Key to BILD’s success has been the ability to build the right internal culture that’s focused of digital subscriptions.

“It wasn’t that easy because you have to really change the mindset,” said Pol. “What was really hard for our editors in the newsroom is that they are journalists – they want to tell great stories to the biggest audience. At the beginning it was tough for them to hear that what is really special and unique you want to put to a small audience.

“But we really put them into it because we don’t have a technical base that decides what goes to Plus and what goes for free – so it’s a journalistic decision that we make. We showed them the numbers on the news desk and they started challenging themselves and tried to be like their own algorithm saying – if we do it a certain way it will lead to more subscribers.

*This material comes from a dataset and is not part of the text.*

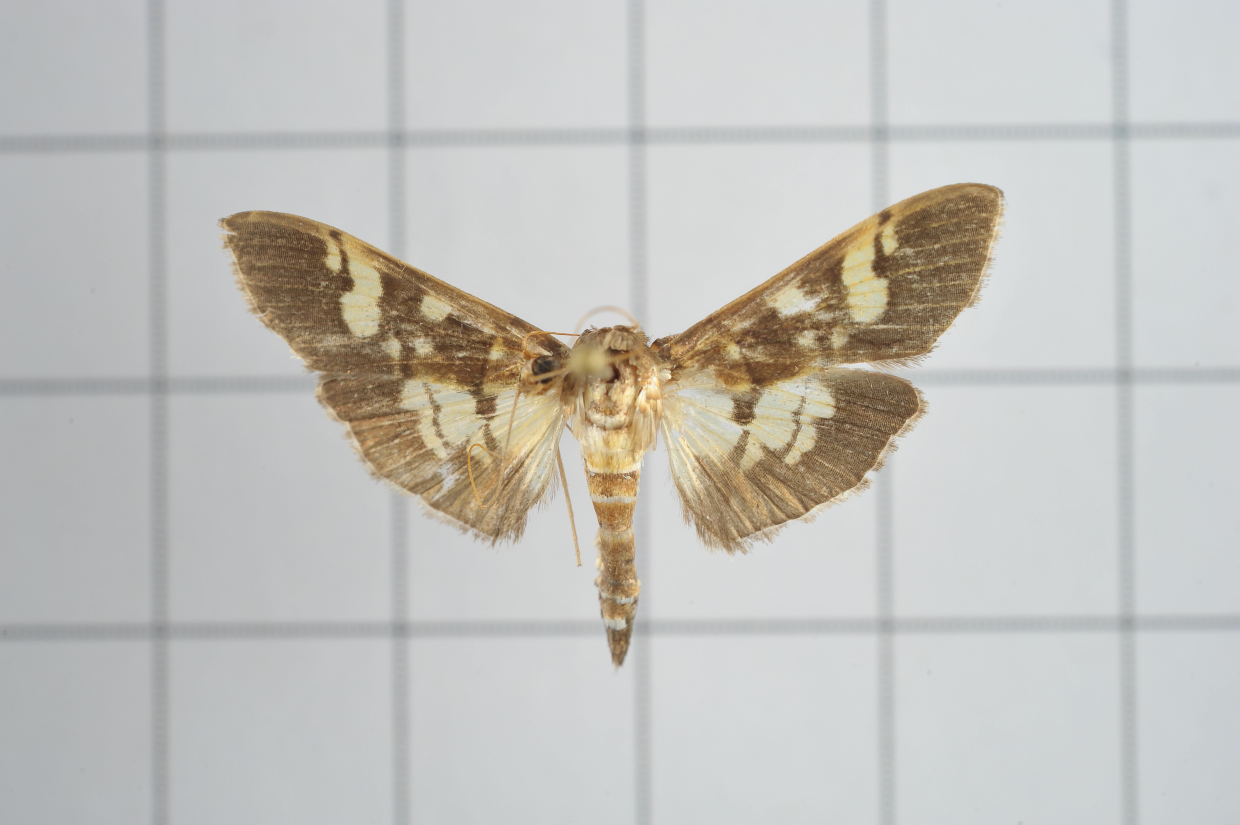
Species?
Uresiphita quinquigera

“They were especially proud when we got more subscribers through their great and unique content than by a marketing campaign.”

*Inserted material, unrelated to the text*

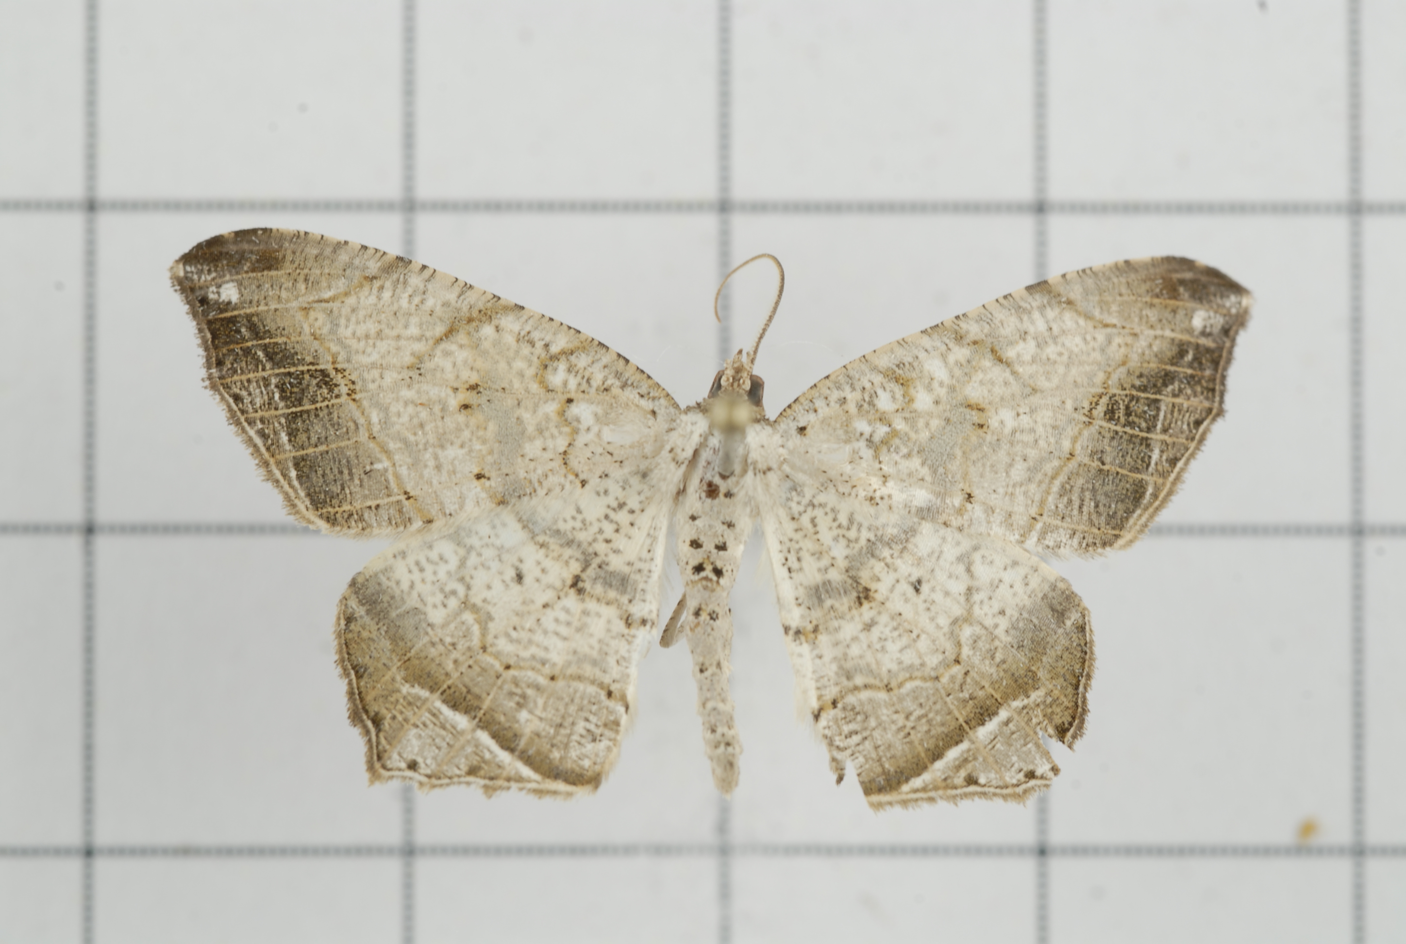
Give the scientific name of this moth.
Oxymacaria temeraria temeraria

Acquisitions, onboarding and a new venture

According to Pol, BILD’s main source of new subscribers are the existing users they get online – more than 25 million every month. The publisher tries to retarget them through online channels, whether through engaging content or through price promotions.

“Our most successful marketing channel are display campaigns on BILD.de,” says Pol. “We have struggled somewhat with social media but have seen good results on Instagram. We also see that we really have to push the engagement as fast as possible by personalised article recommendation or push messages.”

Over 70 per cent of our traffic is direct traffic.

An effective onboarding process is also crucial. “From the first day on you have to drive engagement and make sure that users download your app. We need them to subscribe to newsletters and reduce involuntary churn like when they get a new credit card. We highlight that they might have a payment problem very early and often.”

Pol said first party data is key for BILD with the company building first party and second party data stock and trying to get users to register through its service to build a locked-in relationships with its readers.

Looking towards the future, BILD is launching a new TV channel soon after having great success with video. “In 2020 eight of the top 10 converting contents have been video related – documentaries or live streams,” says Pol. “We have made sure documentaries we produce on our own fits to the news we cover online. And live streams of boxing, MMA and soccer have also worked really well. That is why we have decided on a new adventure and launching a TV channel. We are all pretty excited.”